Im Gastkommentar kritisiert die frühere AHS-Direktorin Heidi Schrodt den Hang zur Verallgemeinerung in Susanne Wiesingers Buch, das Kapitel zum Ministerium habe aber durchaus Brisanz. Lesen Sie dazu auch den Gastkommentar von Barbara Herzog-Punzenberger.

Machtkampf im Ministerium" lautet der reißerische Titel des neuen Buchs von Susanne Wiesinger, das bereits vor seinem Erscheinen gehörig Staub aufgewirbelt hat. Zwar hält der Titel nicht, was er verspricht, denn nur ein verhältnismäßig kleiner Teil widmet sich dem Inneren des Bildungsministeriums. "Wie Parteipolitik unsere Schulen zerstört", so der Untertitel, wird hingegen im ganzen Buch thematisiert.

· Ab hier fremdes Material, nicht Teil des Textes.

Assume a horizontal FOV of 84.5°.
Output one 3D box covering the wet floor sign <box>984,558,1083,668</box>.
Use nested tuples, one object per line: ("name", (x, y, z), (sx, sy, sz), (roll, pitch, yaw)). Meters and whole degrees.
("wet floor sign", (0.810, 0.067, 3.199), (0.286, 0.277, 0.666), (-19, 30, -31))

Susanne Wiesinger hat mit ihrem Buch eine Debatte losgetreten.
Foto: APA / Robert Jäger

Die Kapitel, die sich dem Ministerium widmen, sind durchaus von Brisanz. Was Insider wussten, wird hier öffentlich gemacht, nämlich die unverhältnismäßig große Macht eines Ministerkabinetts und des unter Türkis-Blau in allen Ministerien etablierten Generalsekretärs samt der damit verbundenen Message-Control. Die Problematik der unter Türkis-Blau flächendeckend eingeführten Generalsekretäre und ihre negativen Auswirkungen auf die Arbeit innerhalb der Ministerien wurde hier vor kurzem anschaulich von Manfred Matzka dargelegt. Kabinettschef und Generalsekretär geben vor, wo es langgeht. Der Minister selbst hätte sich immer hinter sie gestellt, doch in der Übergangsregierung wäre der Druck des Kabinetts auf sie dann so richtig unerträglich geworden. Wer hat denn eigentlich das Sagen, könnte man sich da fragen. Wir erhalten ein Sittenbild eines Ministeriums, das vermutlich in anderen ähnlich aussieht.

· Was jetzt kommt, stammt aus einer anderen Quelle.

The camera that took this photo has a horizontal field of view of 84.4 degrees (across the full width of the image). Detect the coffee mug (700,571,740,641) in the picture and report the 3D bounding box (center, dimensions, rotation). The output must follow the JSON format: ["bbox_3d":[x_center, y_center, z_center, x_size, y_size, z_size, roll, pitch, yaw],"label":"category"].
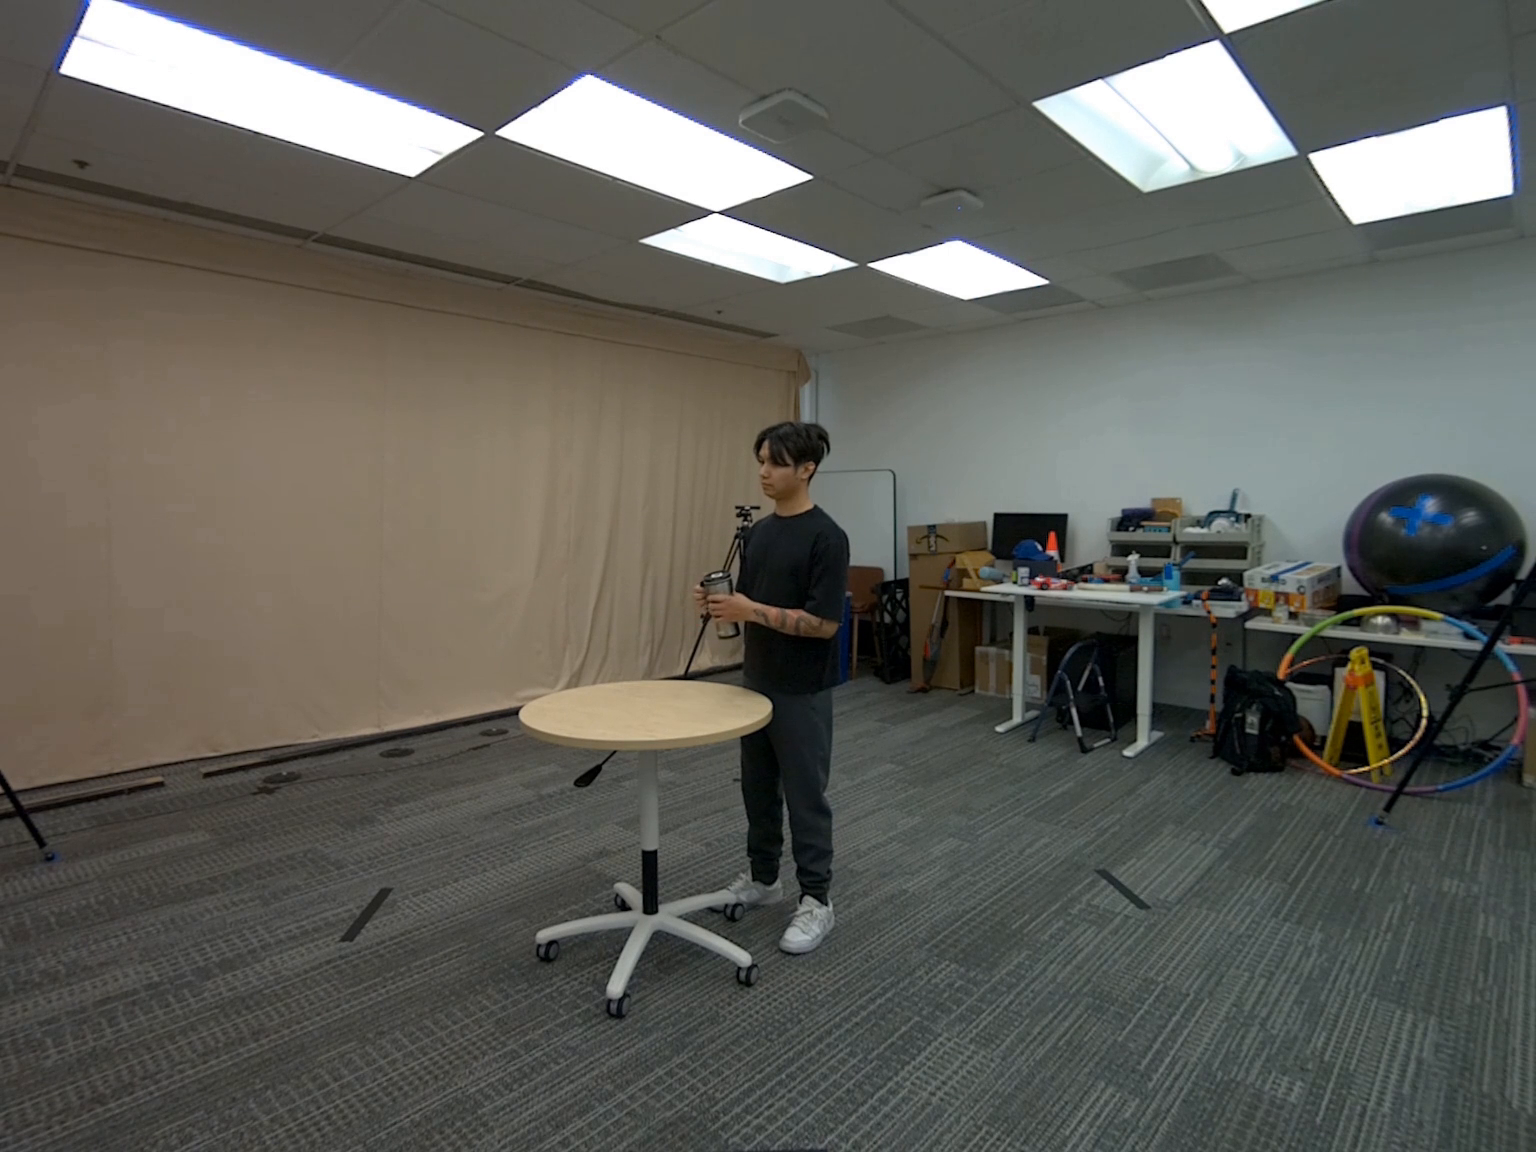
[{"bbox_3d":[-0.119,0.102,2.635,0.125,0.203,0.085,-8,1,31],"label":"coffee mug"}]

Parteibuch vor Qualifikation

Das Thema der parteipolitischen Einflussnahme durchzieht wie ein roter Faden das ganze Buch, auf die Bildungsdirektionen der Länder trifft es auch zu. Wir wissen es: Noch immer ist in vielen Bereichen das Parteibuch wichtiger als die Qualifikation, noch immer ist ein sachlicher Diskurs zu Bildungsthemen über die Parteigrenzen hinweg kaum oder in letzter Zeit gar nicht mehr möglich, noch immer werden wissenschaftliche Erkenntnisse ideologischen Interessen untergeordnet. Die umstrittenen Deutschklassen, die sie anführt, sind ein Paradebeispiel für wissenschaftsresistente Bildungspolitik, in der selbst ein Wissenschafter als Minister die Wissenschaft ideologischen Vorgaben unterordnet.

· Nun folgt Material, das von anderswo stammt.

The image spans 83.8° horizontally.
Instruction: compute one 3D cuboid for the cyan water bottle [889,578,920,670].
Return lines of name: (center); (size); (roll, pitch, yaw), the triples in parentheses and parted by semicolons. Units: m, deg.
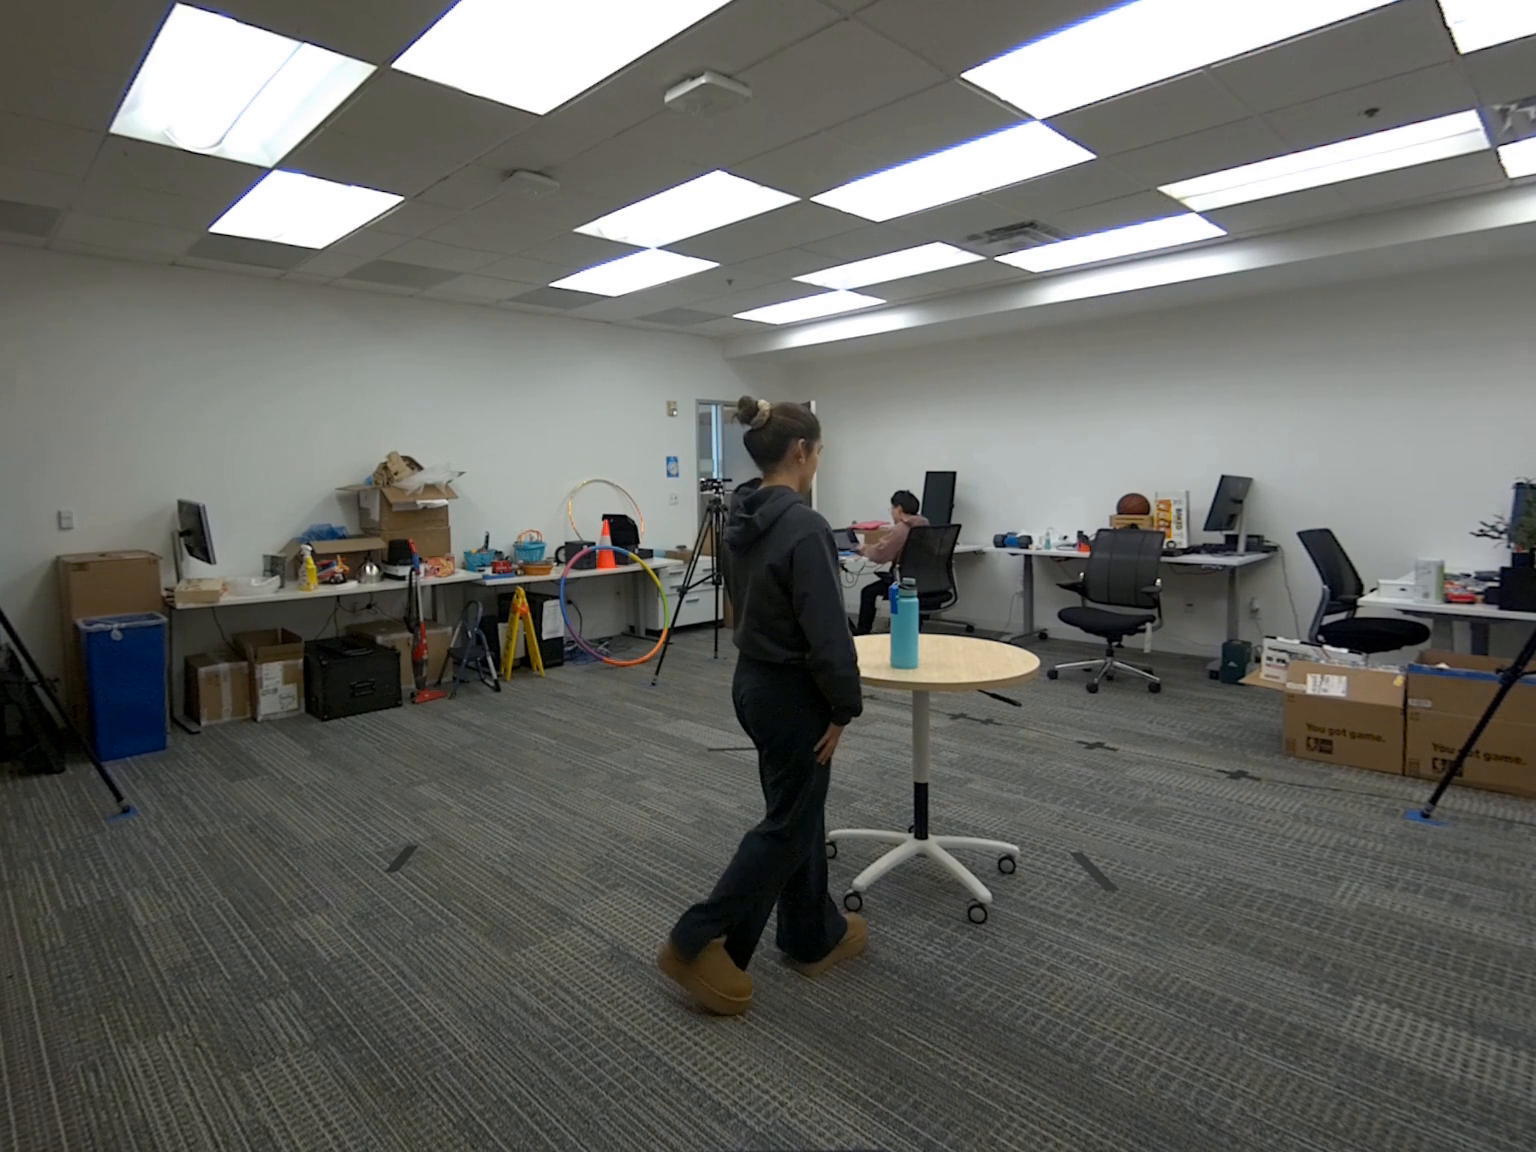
cyan water bottle: (0.439, 0.154, 2.748); (0.092, 0.282, 0.093); (-2, 4, -1)

Auch andere Schwächen unseres Schulsystems greift Wiesinger auf: die alles überbordende Bürokratie, die zentralistische Ausrichtung, die autonome Gestaltungsräume so gut wie nicht zulässt, das große Problem mangelnder Deutschkenntnisse oder das teils erschreckende Niveau an vielen Schulen, vor allem in Ballungsräumen. Viele Lehrerinnen und Lehrer werden mit immer größeren Herausforderungen, die eine zunehmend heterogene Schülerschaft ebenso wie deren Eltern mit sich bringen, im Stich gelassen. Und natürlich zieht sich auch durch dieses Buch der Fokus auf die muslimischen Schülerinnen und Schüler, deren Eltern, den Islam. Alles in allem: Wiesinger legt den Finger auf offene Wunden im Schulsystem, und das ist gut so.

Schöngeredete Missstände

Allerdings gibt es ein gravierendes Problem in diesem Buch: einen ausgeprägten Hang zur Verallgemeinerung. Wir wissen nicht, ob etwa das Mädchen, das aus Angst vor Verletzung des Jungfernhäutchens nicht Ski fahren durfte, ein Einzelfall war oder ob solche Fälle jetzt häufig vorkommen. Sind "Heiratsmärkte" an Brennpunktschulen wirklich die Regel? Zahlreiche Beispiele, keine Belege. Das macht die Schwäche des Buchs aus, ebenso wie ein ausgeprägter Alarmismus nach dem Motto: Alles ist schlecht, alles geht den Bach runter. Nebenbei gesagt: Viel differenzierter liest sich ihr Bericht, den das Ministerium auf seine Website gestellt hat.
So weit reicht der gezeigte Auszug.